Method	WCP (REPERE)	EER (ETAPE)	SI–SDR (VoxCeleb2-2mix)
TristouNet (audio only)	≈0.65	19.1%	—
Target-transfer	↑3–5%	18.0%	—
Relative/Cluster transfer	~+2%	18.2–18.3%	—
ImagineNET + MSE (51% missing)	—	—	10.81 dB
TDSE (no inpainting, 51% missing)	—	—	9.95 dB

ISE approaches thus yield clear, quantifiable improvements in both clustering and speaker verification under audio-visual settings with limited or degraded data.

6. Analysis of Learned Structure and Cross-Modal Relationships

Alignment to face manifolds provides strong priors about speaker identity, especially when short utterances or scarce data limit classical voice-only methods. Face-based transfers can:

• Anchor speaker embeddings to the well-shaped, discriminative manifold of faces.
• Preserve cluster/ordering relationships, increasing cohesion among identities with similar visual features.
• Reveal groupings that map onto latent attributes (e.g., clusters found by K-means on $\vec{f}^V$ often align with age/gender), with corresponding voice clusters mirroring these properties.

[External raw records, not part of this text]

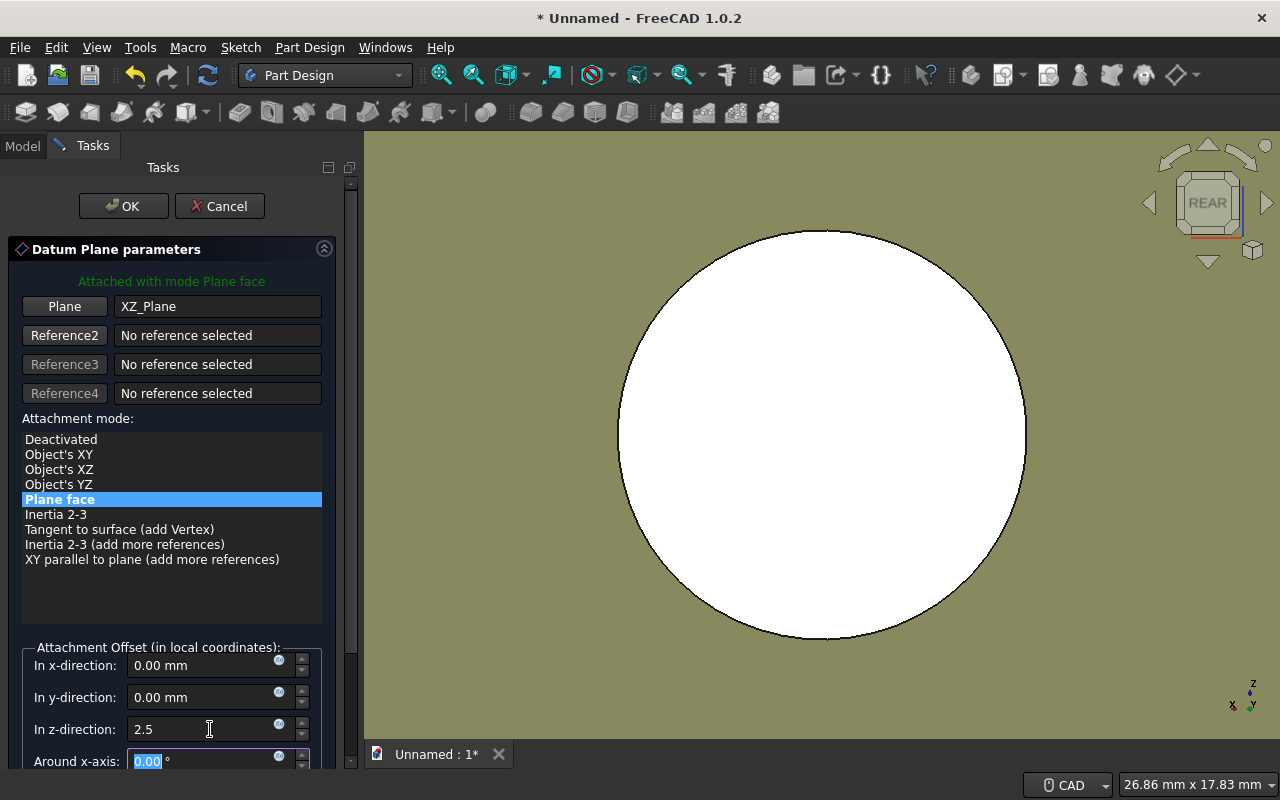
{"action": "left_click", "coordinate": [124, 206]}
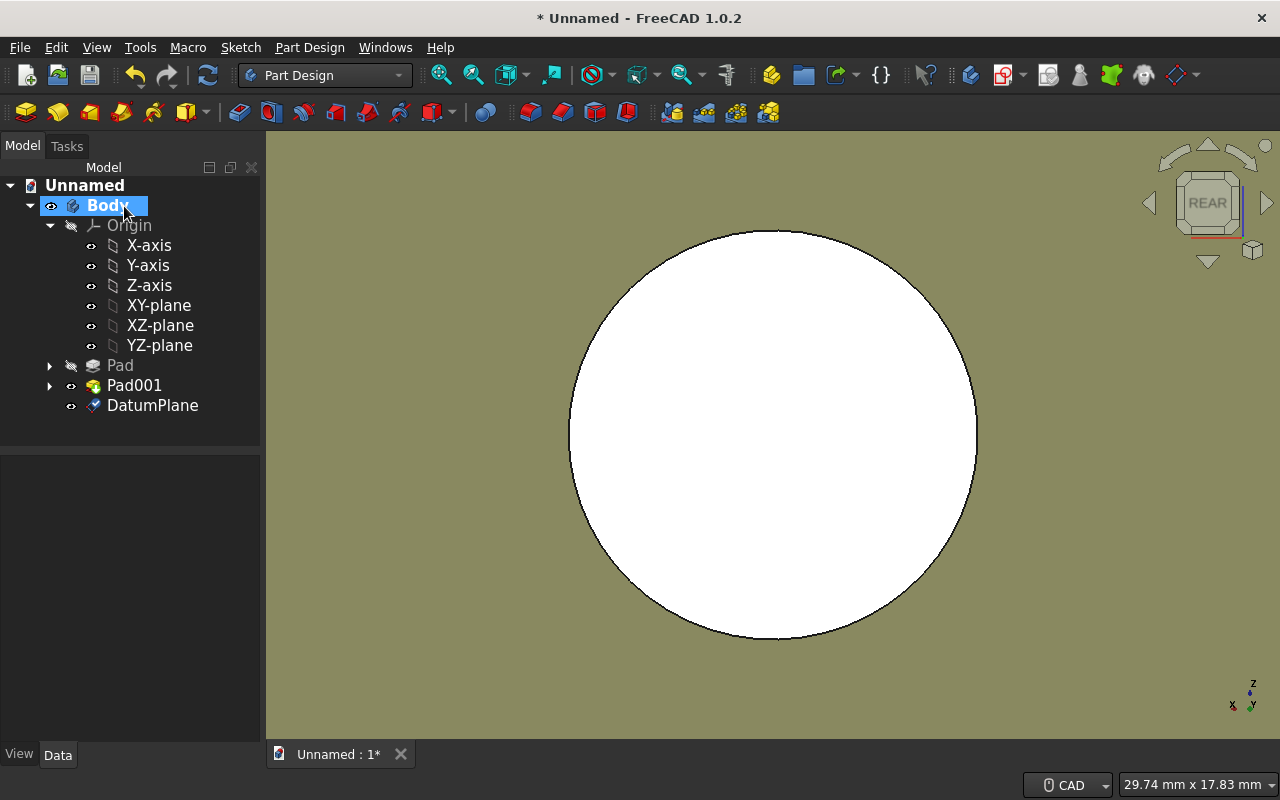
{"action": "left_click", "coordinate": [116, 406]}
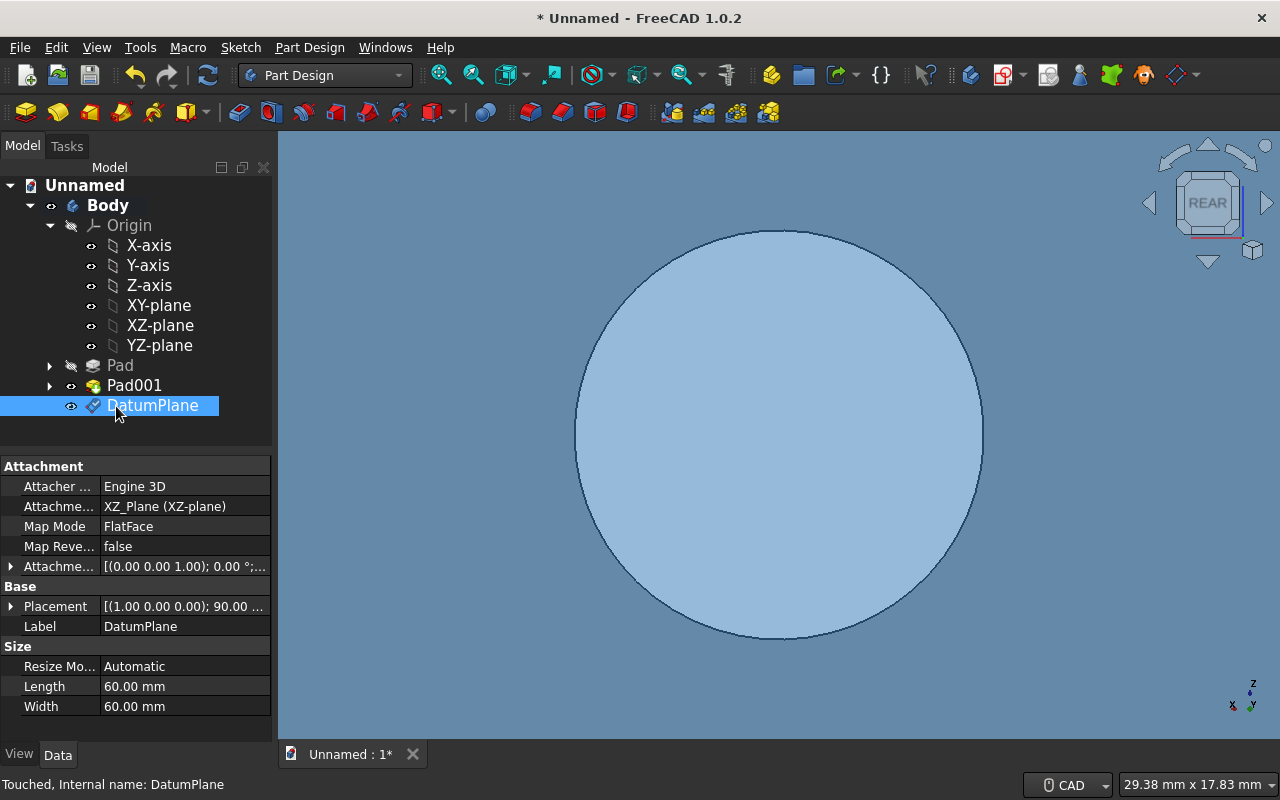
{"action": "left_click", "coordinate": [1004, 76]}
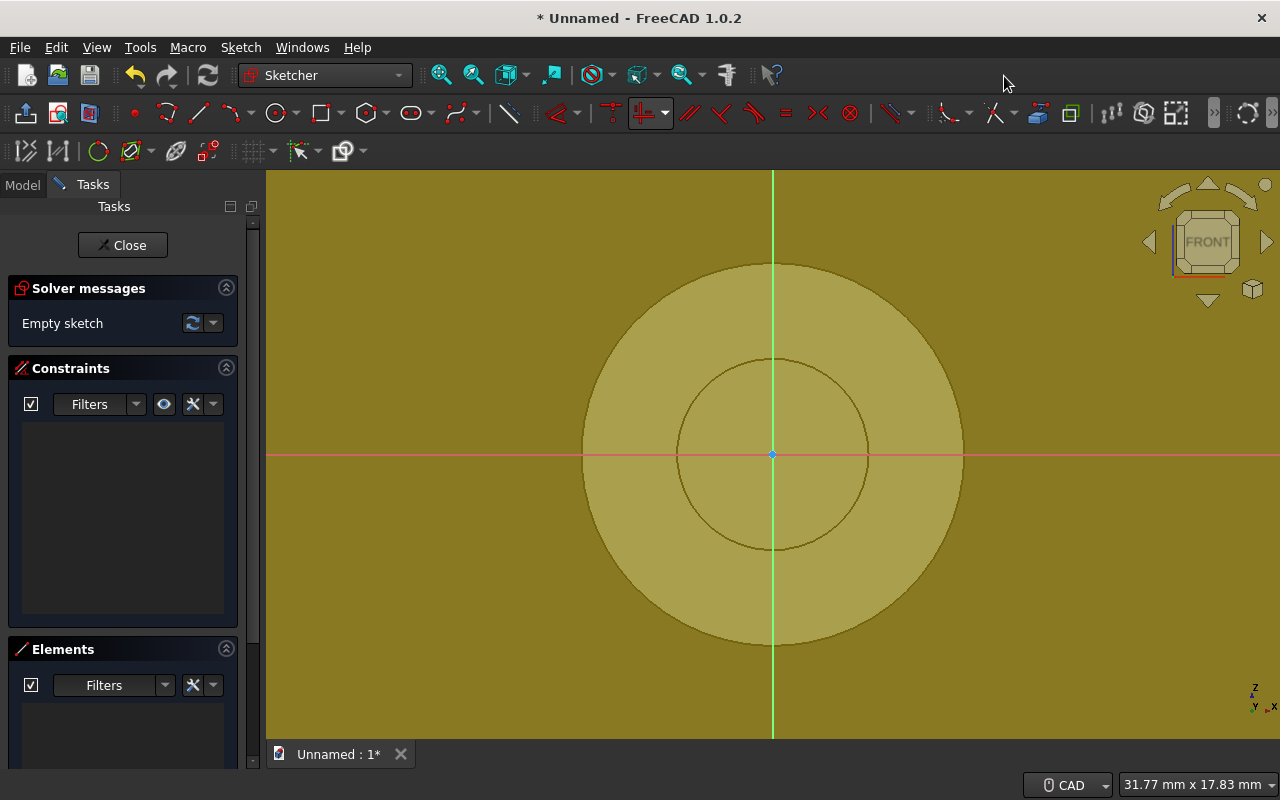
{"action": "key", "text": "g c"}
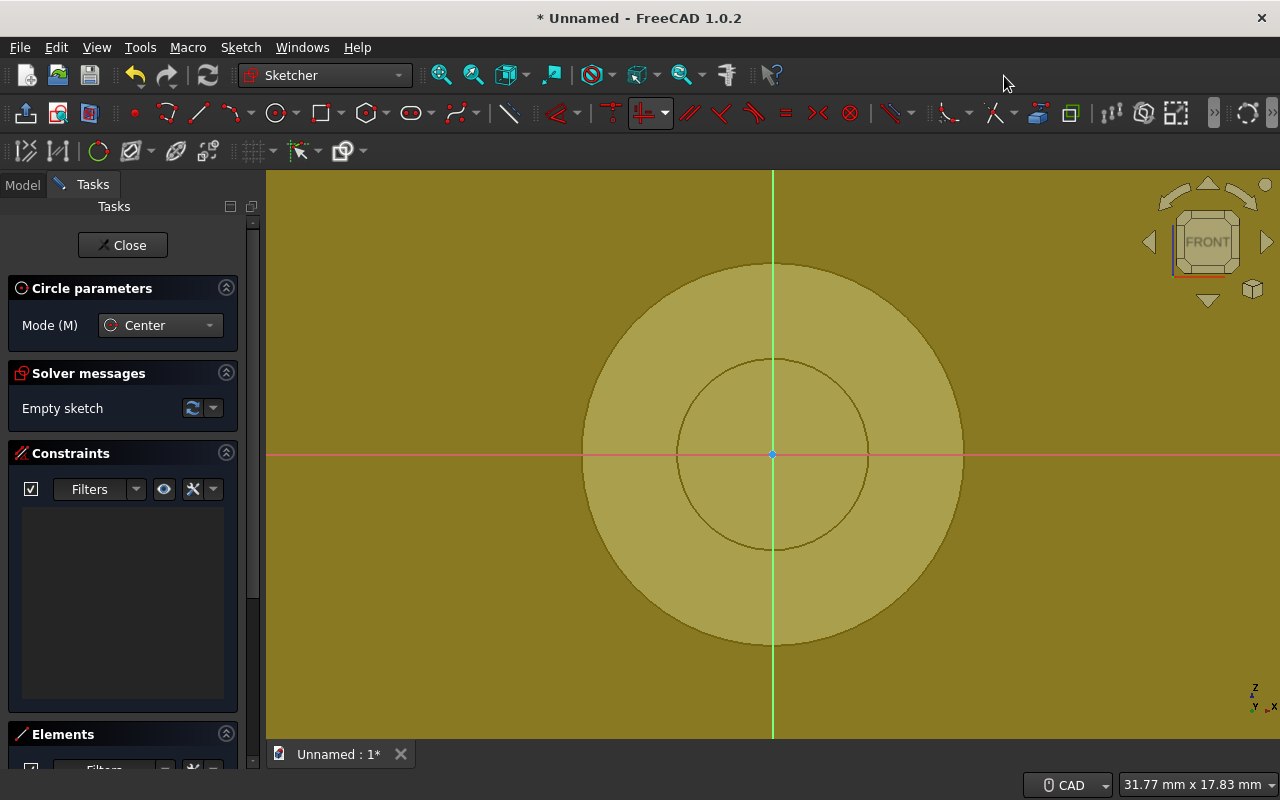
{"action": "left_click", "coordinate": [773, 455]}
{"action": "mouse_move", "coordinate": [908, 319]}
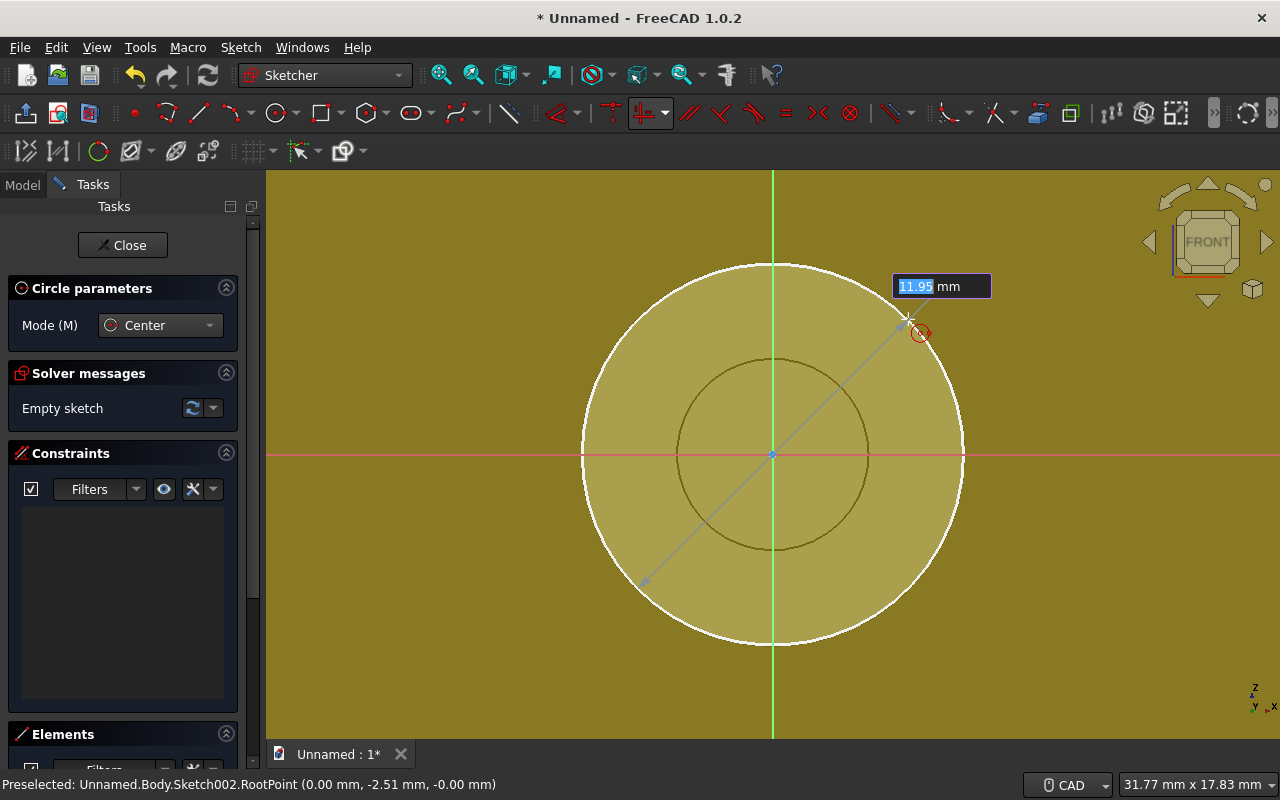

ISE models support bidirectional cross-modal retrieval, with cross-domain queries (face-to-voice and voice-to-face) achieving Precision@K well above chance, indicating formation of a harmonic joint embedding space. A plausible implication is that multimodal regularization endows the speech embedding space with semantic and biometric structure superior to purely audio-optimized projection spaces (Le et al., 2017).

7. Applications and Future Prospects

Image-based speaker embeddings are central in several emerging application domains:

• Speaker diarization in broadcast/video media, especially for processing short speaker turns or overlapping segments where traditional tools like BIC or Gaussian divergence fail.
• Cross-modal indexing, facilitating the "who speaks when" task by exploiting multimedia content at the embedding level.
• Voice–face retrieval and multimedia search, enabling queries such as finding the speaker corresponding to a given face or vice versa.
• Robust target speaker extraction, especially in audiovisual scenarios with intermittent visual cues and noisy mixtures (Pan et al., 2022).

Promising directions include joint/hierarchical incorporation of all three transfer losses, expansion to other domains and languages by leveraging pre-established face manifolds, and the extension of similar regularization frameworks to other biometric signals or more complex/overlapping latent structures.

ISE methods thus represent a convergence of advances in face recognition, speaker representation learning, and multimodal deep learning, offering enhanced robustness and semantic interpretability for high-level speaker analysis in multimedia contexts (Le et al., 2017, Pan et al., 2022).